Jelly, 33 bytes

ṙJ;U$iⱮþ`ẎṢFḄ%⁽Kȧị“UVFYEGHZJTRNAx

A full program that accepts a last-layer permutation as a string of twelve "rbog" characters and prints its permutation name.

Try it online! Or see the test-suite.

How?

ṙJ;U$iⱮþ`ẎṢFḄ%⁽Kȧị“... - Link: list of twelve characters, P
 J                     - indices of {P} -> [1..12]
ṙ                      - rotate {P} left by each of {[1..12]}
  ;U$                  - concatenate reversals
        `              - use as both arguments of:
       þ               -   table of:
      Ɱ                -     map with:
     i                 -       first index of
         Ẏ             - tighten
          Ṣ            - sort
           F           - flatten
            Ḅ          - convert from base two
             %⁽Kȧ      - mod 19981
                 ị“... - 1-index into "UVFYEGHZJTRNAx", cyclically
                         (nothing maps to 0 mod 14 (x) but it saves bytes due
                          to 19981 being small enough for `⁽` use)

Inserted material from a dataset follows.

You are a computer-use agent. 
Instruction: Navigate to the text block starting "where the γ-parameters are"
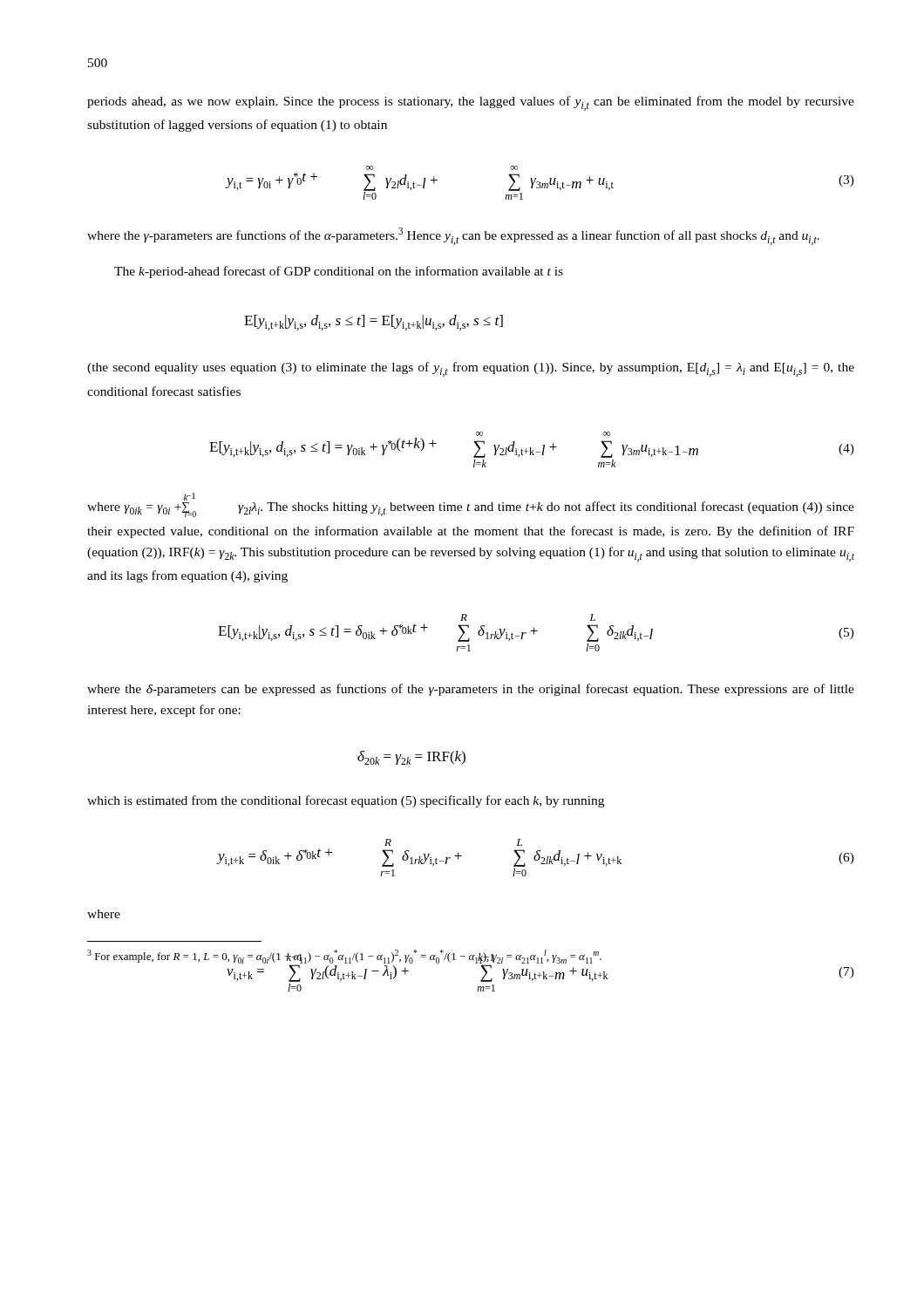[x=453, y=236]

Note that this works for input P for which someone has peeled the stickers off and rotated them around the bottom layer by any amount, (or, equivalently, one can start reading from any sticker to provide input).
i.e. rather than the P="ceccecceccec" (c: corner sticker; e: edge sticker) as formatted in the question, it'll work with any rotation to a P="eccecceccecc" or P="ccecceccecce" too.

Ruby, 172 bytes

->s{e=[0]*4
16.times{|i|"gobrg".index(s[j=i%2+i/4*3]+s[j-2-i/2%2])&&e[i%4]+=~i/4}
a,b,c,d=e
t=b+c+d&1
"NHUZA#{(-8>r=a+b-c)??J:"RG"[r%4/2]}#{"TF"[t]}E#{"VY"[t]}"[c/5*3+d/5]}

Try it online!

JavaScript (ES7), 127 bytes

s=>"YNJZHEGUTAFRV"[[q=0,1,2,3].map(n=>q+=[...s].map((c,i)=>t+=c=="ogrb"[i/3+n&3],t=/(.)\1(\1|(.)\3)/.test(s+s))|t**7)|q%844%13]

Try it online!

Method

We compute a numeric fingerprint of the input string which unambiguously identifies the type of perm. This fingerprint is then converted into a small lookup index.

Below are the different steps of our algorithm, applied to the input string bbboggroogrr.

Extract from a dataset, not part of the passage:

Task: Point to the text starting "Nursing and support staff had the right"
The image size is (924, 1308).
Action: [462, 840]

Step 1 - preliminary scores

We rotate the input string 4 times. We compute one score per rotation by counting the number of cells that are at the correct position, assuming that the face order is orange, green, red, blue.

(Since each cell is in the correct position exactly once, the sum of these preliminary scores is always \$12\$. The 4^th score could therefore be deducted from the other 3, but this would not make the code any shorter.)

Example

Step 2 - updated scores

We look for the patterns xxx or xxyy within the input string concatenated with itself, using the regular expression /(.)\1(\1|(.)\3)/. If found, all scores are incremented.

This step allows us to disambiguate some perms that give the same scores at step 1.

Example

The string bbboggroogrrbbboggroogrr does contain bbb (and also rrbb), so the scores are turned into [4,7,4,1].

Step 3 - fingerprint

The fingerprint is calculated by raising each updated score to the power of \$7\$ and summing the results.

Example

[4,7,4,1] gives \$4^7+7^7+4^7+1^7=856312\$.

Step 4 - lookup index

We apply the following modulo chain (found by brute force) to the result of step 3:

$$(n\bmod 844)\bmod 13$$

This gives a final index in \$[0,12]\$ which is used to pick the correct answer from the lookup string "YNJZHEGUTAFRV".

Example

For \$856312\$, the index is \$2\$. Which gives a J.

Summary table

Charcoal, 112 69 bytes

≔Ｅθ⌕bogrιθＦ⁸«Ｆ⁴⊞υＥ¹²§θ⁺λ׳κ≔﹪⊕θ⁴θ¿⁼³ι≔⁻³⮌θ軧”$⌈¡✳:✳⬤Ｏ▶αＡＴＬ9·%⌊¤”↨⌊υ²

Try it online! Link is to verbose version of code. Explanation:

≔Ｅθ⌕bogrιθ

Translate the input colours into digits 0-3. The colours are taken in the given clockwise order.

Ｆ⁸«

Loop over the 8 arrangements of colours.

Ｆ⁴⊞υＥ¹²§θ⁺λ׳κ

Push each of the 4 rotations to the predefined empty list.

≔﹪⊕θ⁴θ

Cycle through the colours.

¿⁼³ι≔⁻³⮌θθ

At the halfway point, reverse the colours and reflect the cube.

»§”...”↨⌊υ²

Interpret the minimum arrangement as base 2, reduce modulo 27, and look up the resulting letter in a compressed string.